● What this task involves
Check each line of the records for "Could"; collect those that have it.

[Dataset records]

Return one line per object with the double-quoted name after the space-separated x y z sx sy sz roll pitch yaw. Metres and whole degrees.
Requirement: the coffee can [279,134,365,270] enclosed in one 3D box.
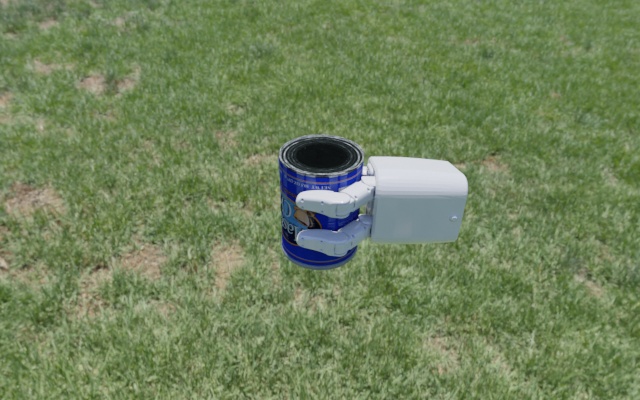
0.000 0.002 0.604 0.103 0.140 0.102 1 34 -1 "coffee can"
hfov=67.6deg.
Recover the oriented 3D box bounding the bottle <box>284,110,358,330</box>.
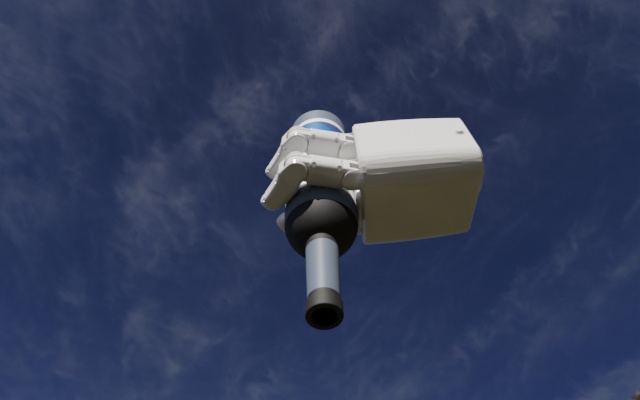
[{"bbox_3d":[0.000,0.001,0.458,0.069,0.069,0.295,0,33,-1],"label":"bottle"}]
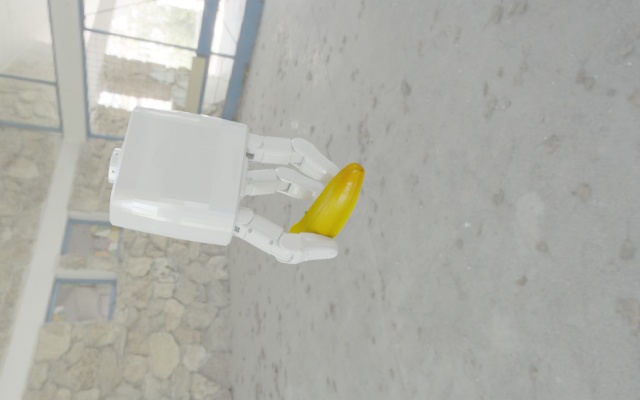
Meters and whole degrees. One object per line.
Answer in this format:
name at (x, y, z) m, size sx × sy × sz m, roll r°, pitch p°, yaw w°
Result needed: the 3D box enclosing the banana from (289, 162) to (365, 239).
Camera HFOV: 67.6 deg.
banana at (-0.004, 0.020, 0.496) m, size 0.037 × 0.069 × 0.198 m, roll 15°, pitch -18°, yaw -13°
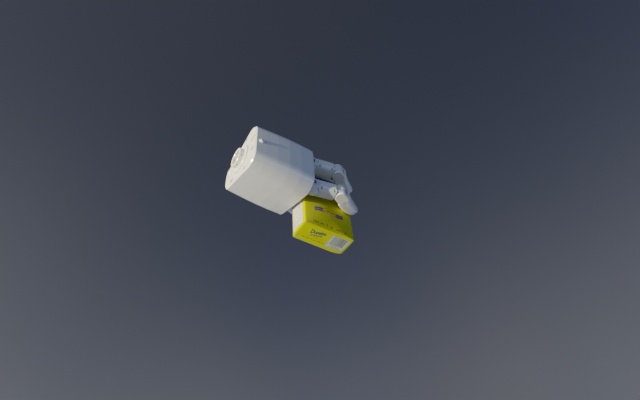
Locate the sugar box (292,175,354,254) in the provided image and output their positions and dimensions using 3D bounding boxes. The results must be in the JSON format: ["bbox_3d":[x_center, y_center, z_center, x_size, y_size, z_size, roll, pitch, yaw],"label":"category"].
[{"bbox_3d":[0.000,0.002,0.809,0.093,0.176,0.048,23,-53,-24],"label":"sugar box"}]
--
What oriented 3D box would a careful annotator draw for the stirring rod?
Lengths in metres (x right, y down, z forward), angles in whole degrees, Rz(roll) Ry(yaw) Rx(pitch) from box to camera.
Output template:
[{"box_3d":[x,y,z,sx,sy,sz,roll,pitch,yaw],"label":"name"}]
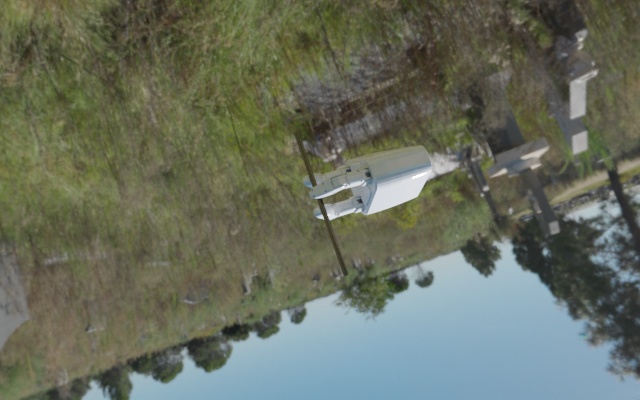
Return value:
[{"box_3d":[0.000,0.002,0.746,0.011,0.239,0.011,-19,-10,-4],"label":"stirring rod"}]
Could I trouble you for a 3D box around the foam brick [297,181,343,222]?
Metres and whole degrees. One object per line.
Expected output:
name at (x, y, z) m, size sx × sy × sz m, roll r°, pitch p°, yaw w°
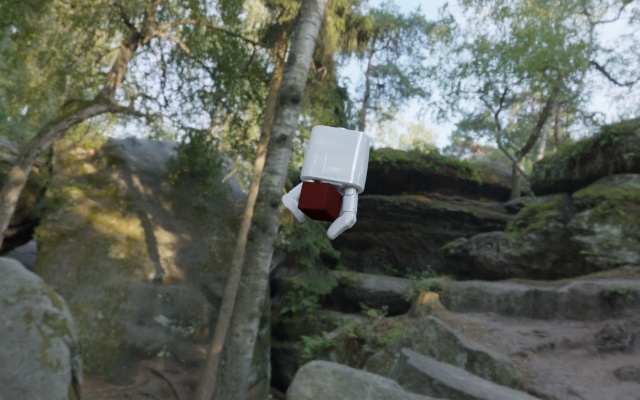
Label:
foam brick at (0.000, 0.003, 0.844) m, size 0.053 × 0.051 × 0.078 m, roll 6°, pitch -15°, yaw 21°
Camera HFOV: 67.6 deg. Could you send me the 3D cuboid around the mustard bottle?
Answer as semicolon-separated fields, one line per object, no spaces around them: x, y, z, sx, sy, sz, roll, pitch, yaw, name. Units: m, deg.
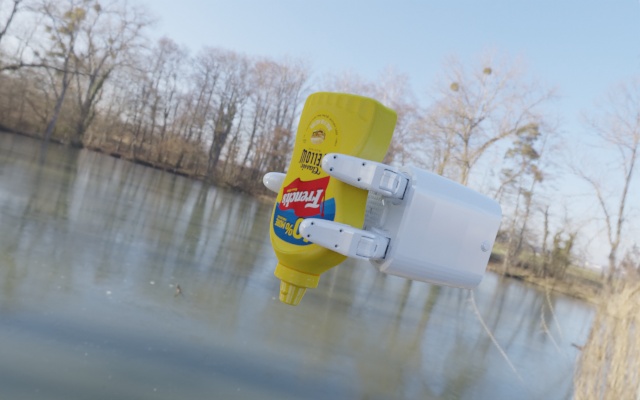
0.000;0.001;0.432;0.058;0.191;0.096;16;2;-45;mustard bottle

● The completed task
Could I trouble you for a 3D box around the foam brick [297,181,343,222]?
Camera HFOV: 67.6 deg. Could you send me the 3D cuboid around the mustard bottle?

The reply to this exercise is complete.